Nous venons de voir à quel point l’articulation des différentes planches au cours de la passation est importante au regard des sollicitations proposées par le CAT. Ainsi, il nous paraît absolument nécessaire de considérer dans le même temps chaque planche en elle-même (dimension intra-planche) ainsi que son articulation aux planches qui l’encadrent (dimension inter-planche) et qui rendent comptent du vaste ensemble de contenus qui sous-tend la situation projective.

Concernant cette analyse globale du matériel CAT, nous voulions enfin souligner un dernier point qui nous paraît notable. Si l’on observe attentivement la succession des planches, on peut remarquer une alternance assez étonnante au sujet du fond, du décor de la planche à partir duquel se dégagent les personnages. En effet, les six premières planches alternent, et cela de manière régulière, décor anthropomorphe situé dans une habitation (salle à manger pour la PI, pièce indéfinie pour la PIII, chambre pour la PV) et décor naturel situé dans l’environnement extérieur (terrain vallonné pour la PII, forêt pour la PIV, grotte pour la PVI).

Nous pouvons postuler ici qu’à travers l’alternance du fond de la planche se joue la question de la différenciation interne/externe et dedans/dehors. C’est donc la qualité contenante des

135 enveloppes psychiques qui se trouve mise à l’épreuve, ce mouvement étant lui-même favorisé par le « fond muet », le fond blanc de la planche (« figure du blanc » au Rorschach pour Roman, 1997) qui se présente comme un cadre, un fond sur lequel vont s’animer les personnages initialement statiques qui sont figurés sur la planche (Roman, 2001). Précisons que ce sont particulièrement les décors naturels et extérieurs (PII, PIV, PVI et PVII) qui, par la présence importante du blanc, sollicitent le travail de la négativité et peuvent favoriser « l’actualisation de l’enveloppe maternelle primitive » (ibid.).
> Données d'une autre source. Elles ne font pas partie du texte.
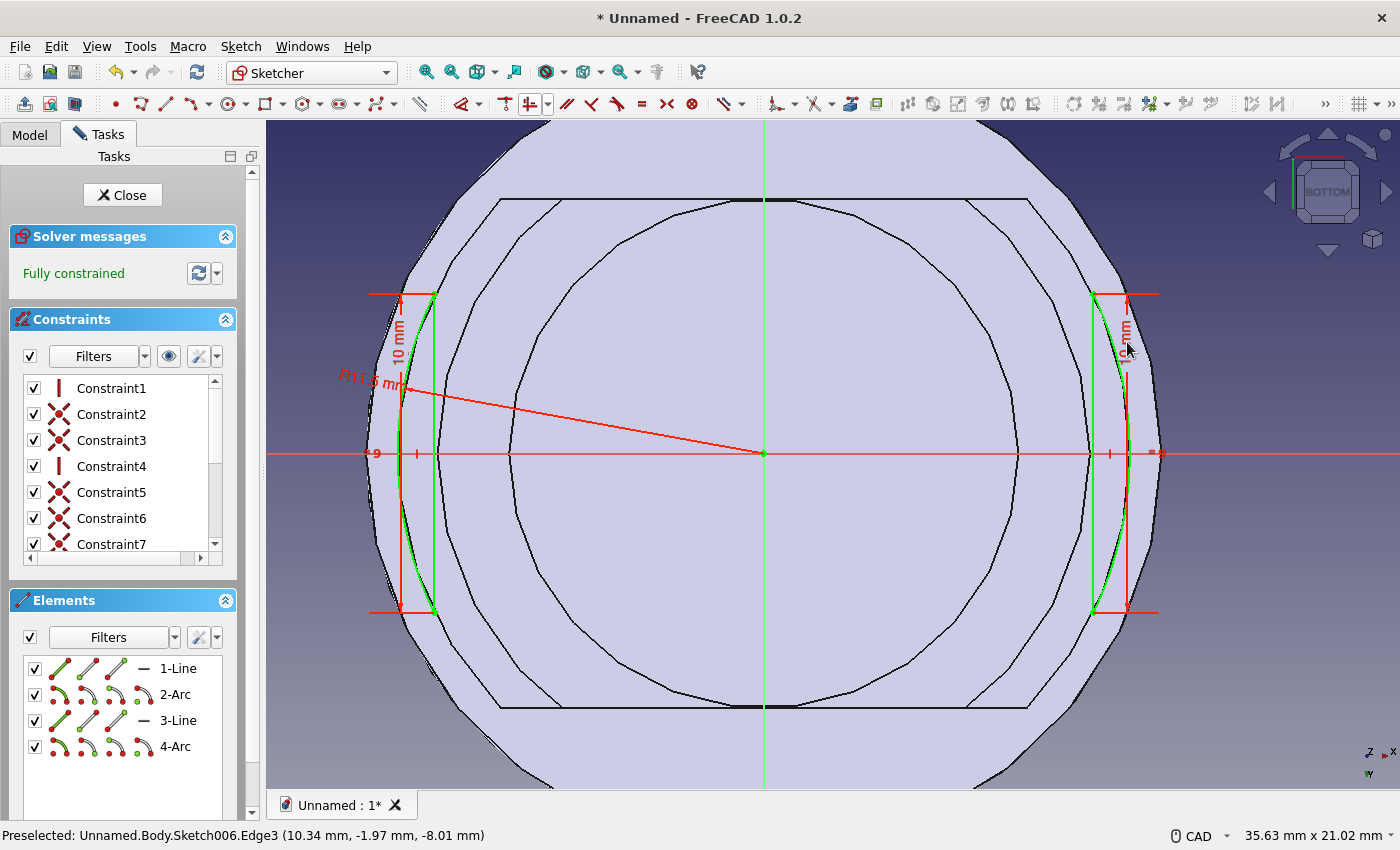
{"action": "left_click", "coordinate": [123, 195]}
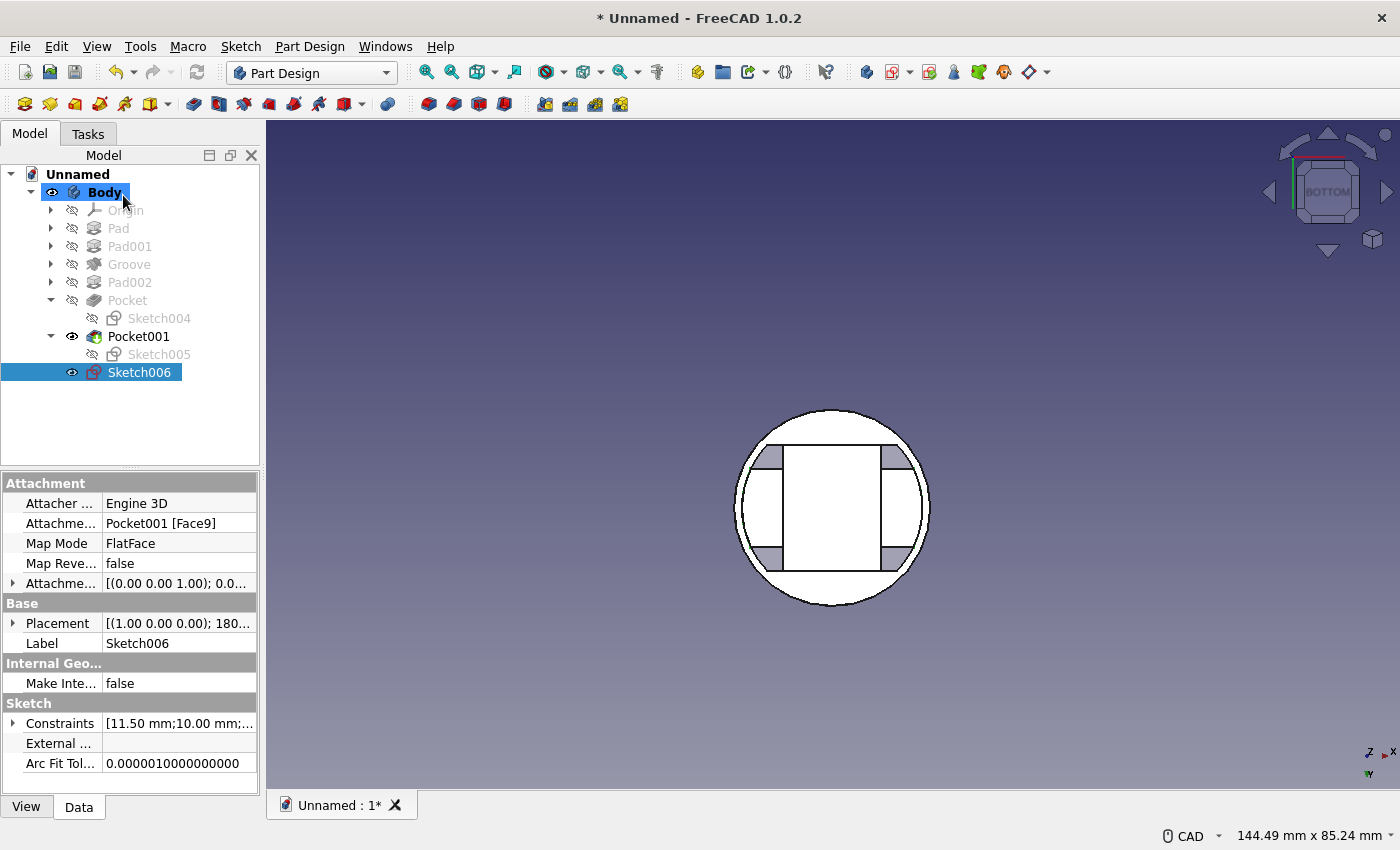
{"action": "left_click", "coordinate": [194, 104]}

Signalons, pour terminer notre réflexion, qu’à partir de la planche VII, il n’y a plus d’alternance puisque cette planche est la dernière à comprendre un fond naturel (jungle). Il est intéressant de remarquer que cette planche inaugure le troisième temps de « la valse projective » et qu’il introduit donc au travers de l’angoisse de castration et de la dialectique puissance/impuissance, une amorce supplémentaire au renoncement œdipien. Nous pourrions alors résumer les choses ainsi : le premier temps est synonyme de stades précoces du développement de l’enfant, de la possibilité d’une relation duelle avec l’objet et de mise à l’épreuve des enveloppes psychiques, le second temps est synonyme de la scène primitive et de l’amorce du renoncement œdipien en lien avec l’exclusion du couple parental et de la continuité de la mise à l’épreuve des enveloppes psychiques, le troisième temps est lui synonyme de l’abord du complexe œdipien, d’un renoncement effectif au désir œdipien sur le plan manifeste, de la mise au travail des processus de sublimation en lien avec l’émergence du Surmoi post-œdipien et de l’assomption d’enveloppes psychiques stabilisées. Ainsi, nous pensons qu’il faut accorder une grande importance à la façon dont l’enfant envisage le fond de la planche car c’est bien sur la base de celui-ci que peuvent se mettre en mouvement, sous les yeux du clinicien, les personnages figurés sur l’image.

Nous le voyons ici, le matériel du CAT est riche, plein de nuances et de détails, dont certains peuvent échapper au clinicien qui n’est pas rompu à son utilisation. Plus encore, il recèle de formidables qualités intrinsèques qui permettent au clinicien averti de rendre compte des modalités d’aménagement du registre perceptif, des modalités de symbolisation dans sa fonction de « dispositif à symboliser » (Roman, 1997), du travail de la négativité et de la qualité des enveloppes psychique.